Stored data entries
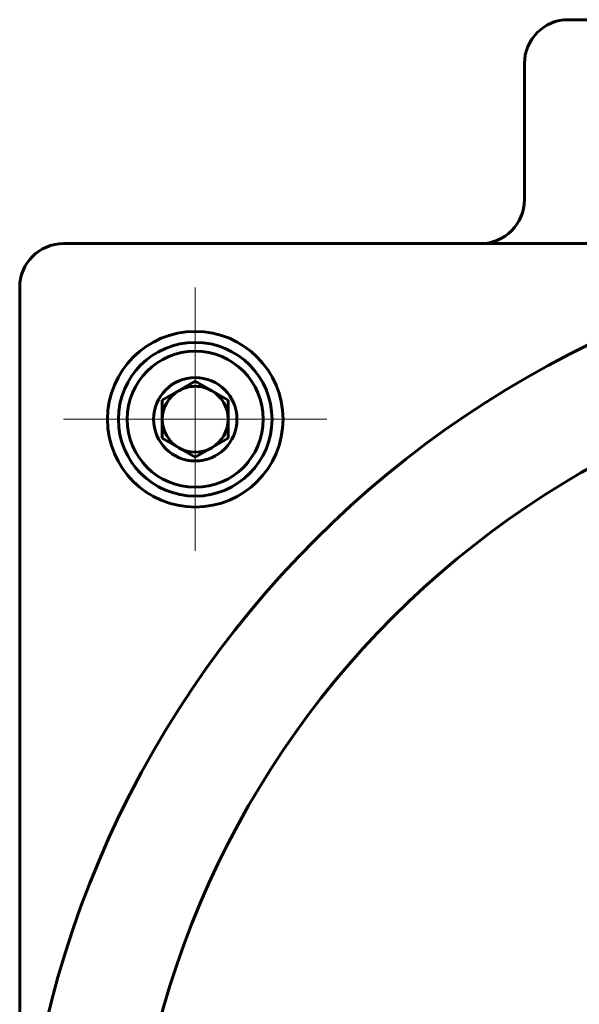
# Model space of a CAD drawing. Header units: millimetres. Extents: x -104 to 267, y -66 to 65.
# Tile 11 of 16: x 158 to 184, y -1 to 44. Entities that reach past the tile are written whole.
import ezdxf

# ---------------------------------------------------------------- set-up
doc = ezdxf.new("R2010")
doc.units = ezdxf.units.MM
doc.linetypes.add('K5LT_AXLED', pattern=[12, 7.5, -1.5, 1.5, -1.5])
doc.linetypes.add('K5LT_BASIC', pattern=[0])
doc.layers.add('Системный слой (1)', color=7, linetype='Continuous', true_color=0x6c6c6c)

# ---------------------------------------------------------------- blocks, each defined once
blk = doc.blocks.new('U68')
at = {"layer": 'Системный слой (1)', "color": 30, "linetype": 'K5LT_AXLED', "lineweight": 18, "true_color": 0xff8000}
for q in [(166.364, 32.15), (160.364, 26.15), (172.364, 26.15), (166.364, 20.15)]:
    blk.add_line((166.364, 26.15), q, dxfattribs=at)

msp = doc.modelspace()

# ---------------------------------------------------------------- linework, layer by layer
at = {"layer": 'Системный слой (1)', "color": 150, "linetype": 'K5LT_BASIC', "lineweight": 60, "true_color": 0x0080ff}
for p, q in [((225.364, 44.35), (183.364, 44.35)), ((181.364, 42.35), (181.364, 36.15)), ((204.364, 34.15), (160.364, 34.15)), ((158.364, 32.15), (158.364, -11.85)), ((166.364, 27.882), (164.864, 27.016)), ((167.864, 27.016), (166.364, 27.882)), ((164.864, 27.016), (164.864, 25.284)), ((167.864, 25.284), (167.864, 27.016)), ((164.864, 25.284), (166.364, 24.418)), ((166.364, 24.418), (167.864, 25.284))]:
    msp.add_line(p, q, dxfattribs=at)
for centre, radius in [((204.364, -11.85), 46), ((166.364, 26.15), 4), ((166.364, 26.15), 3.5), ((166.364, 26.15), 3.1), ((204.364, -11.85), 41), ((166.364, 26.15), 1.9)]:
    msp.add_circle(centre, radius, dxfattribs=at)
for centre, radius, start, end in [((183.364, 42.35), 2, 90, 180), ((179.364, 36.15), 2, 270, 0), ((160.364, 32.15), 2, 90, 180), ((166.364, 26.15), 1.5, 120, 180), ((166.364, 26.15), 1.5, 90, 120), ((166.364, 26.15), 1.5, 60, 90), ((166.364, 26.15), 1.5, 0, 60), ((166.364, 26.15), 1.5, 180, 240), ((166.364, 26.15), 1.5, 300, 0), ((166.364, 26.15), 1.5, 240, 300)]:
    msp.add_arc(centre, radius, start, end, dxfattribs=at)

# ---------------------------------------------------------------- block references
at = {"layer": 'Системный слой (1)'}
msp.add_blockref('U68', (0, 0), dxfattribs=at)

doc.saveas('drawing.dxf')

# DIRECTIONS FOR THIS TASK
Repeat verbatim the lines between the start of the data and the line containing "each defined once", both ends included, omitting all pictures.

# RESULT OF THIS EXERCISE
# Model space of a CAD drawing. Header units: millimetres. Extents: x -104 to 267, y -66 to 65.
# Tile 11 of 16: x 158 to 184, y -1 to 44. Entities that reach past the tile are written whole.
import ezdxf

# ---------------------------------------------------------------- set-up
doc = ezdxf.new("R2010")
doc.units = ezdxf.units.MM
doc.linetypes.add('K5LT_AXLED', pattern=[12, 7.5, -1.5, 1.5, -1.5])
doc.linetypes.add('K5LT_BASIC', pattern=[0])
doc.layers.add('Системный слой (1)', color=7, linetype='Continuous', true_color=0x6c6c6c)

# ---------------------------------------------------------------- blocks, each defined once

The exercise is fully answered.